BWS 04.03.15: Karen Connelly

Karen Connelly

Karen (Kaz) Connelly is the author of ten books of poetry, fiction, and nonfiction. She is a polyglot, rabble rouser, and voracious reader who was born in Calgary and has lived in Thailand, Spain, France and Greece. PEN Canada and Amnesty International are two of her favourite human rights organizations. Kaz is presently writing a new novel called The Change Room. She took time out to write us a letter last week from the artist’s residency at UBC Okanagan.

February 19, 2015

Woodhaven Eco-Cultural Centre

Kelowna, B.C.

Dearest you,

I am so happy to be here, and sorry to hear of the deep-freeze in eastern Canada just after I’ve spent an hour outside in short sleeves, reading the wonderful anthology Open Wide a Wilderness. I sat on one of the little benches on the patio behind the garage with my tea and toast, looking up every once in a while to listen to the insistent stream (what? what exactly do you mean?) and to check to see if the cougar was watching me. Of course, if I had seen the cougar, I might have had a heart attack; it’s just as well that he remains invisible. But have you ever noticed how, outside, in nature, it’s easy to feel as though you’re being watched? I think that I am being watched, somehow; observed, or at least sensed by a multiplicity of life forms around me. Yesterday I meditated by the stream; I swear that the rocks, boulder-like, big, were watching me.

So my morning reading, the Open Wide book, is an amazing anthology of Canadian nature poetry. (My admiration to my friend and colleague, Nancy Holmes, for the labour and dedication it took, over years, to create this amazing work.) This morning, I simply marvelled at Earle Birney’s poem “David.” Pshaw to Christian Bök for lecturing me last year for half an hour about the lack of Canadian epics set in deep space (what human lives in deep space?). “David” is SUCH a good poem, a kind of nature epic, notwithstanding all the Jesus stuff. (Birney wrote it in 1942, after all–Jesus was still big.) It’s one of the first Canadian poems I remember reading and identifying with as a teenager; I knew those mountains. But beyond that: it’s so GOOD. It’s such a powerful narrative poem. And I found it timely right now, as Canada debates the ethics and dangers of assisted suicide.
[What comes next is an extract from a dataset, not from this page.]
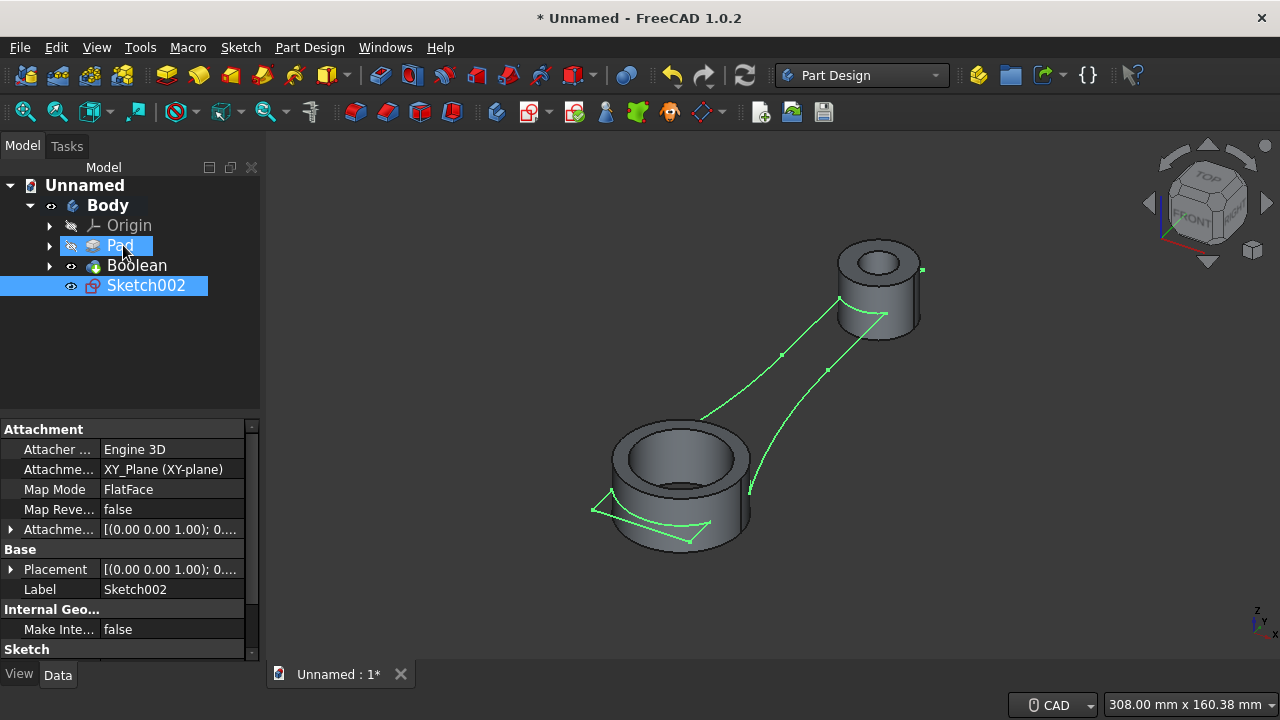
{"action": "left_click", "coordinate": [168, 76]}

As expected in a book of Canadian nature poetry, there are so many landscapes and voices! Fred Cogswell and Al Purdy’s humour (“I have been stupid in a poem / I will not alter the poem”) thumps up against the majesty of that grand Robert Bringhurst poem, “Gloria, Credo, Sanctus, et Oreamnos Deorum.” Knowing, not owning . . . And Don McKay, naming his world. (Inside the Woodhaven house where I’m staying, in the guest book, are two pages of lists of Don’s bird-sightings while he stayed here. I think I’ve seen a . . .chickadee?)
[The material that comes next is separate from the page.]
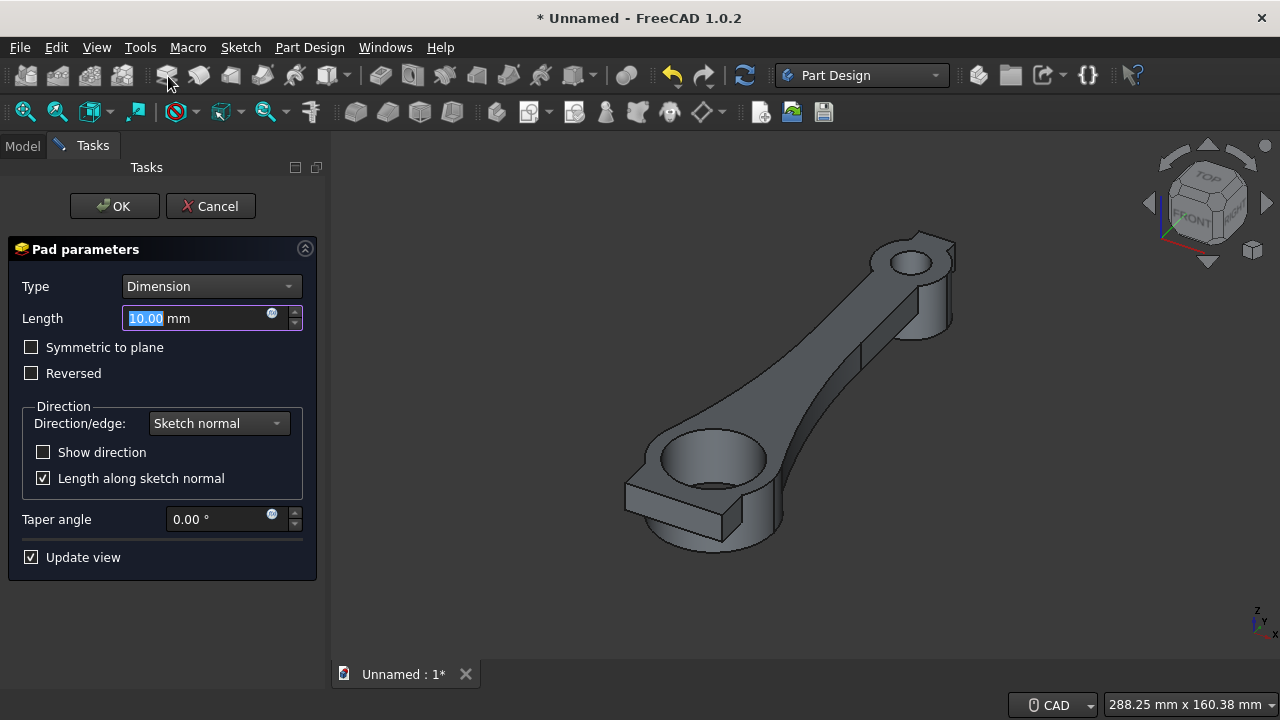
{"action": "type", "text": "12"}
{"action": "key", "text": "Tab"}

After I had reread dozens of these poems, I started laughing as I realized how many of the writers I’ve met over the last thirty years. I started going to readings when I was about fourteen. I met Birney and DG Jones and sweet and kind Fred; Crispin Elsted, who was like a cross between Blake and Whitman; the gorgeous, witchy Susan Musgrave, and the imperious P.K. Page (who I never really liked though I like her work—she told me when I was in my early twenties that I was too young to be applying for grants! Thank God I didn’t listen to her). Anne Szumagalski, too, who was such a mean old bat to me–sorry: after reading nature poetry, I ought to say mean old lady; bats must not be insulted. And so many of the younger ones, like the amazing Kevin Paul, of the Saanich Nation, and Barbara Klar and her beautiful grasses! Patrick Lane and Lorna Crozier and David Zieroth and Jan Zwicky. Chris Dewdney, Brian Bartlett. Sharon Thesen. Laura Lush. Karen Solie. Open Wide a Wilderness is like a Canadian poetry bible—everyone should have a copy of it and read a poem a day, to lift the spirit and praise the actual, living, crackling, rushing, animalful, treeful, riverful world. And of course, there were all the poems I love whose poets I’ve never met—like Tim Lilburn, whose “Contemplation is Mourning” is for me one of the most dazzling.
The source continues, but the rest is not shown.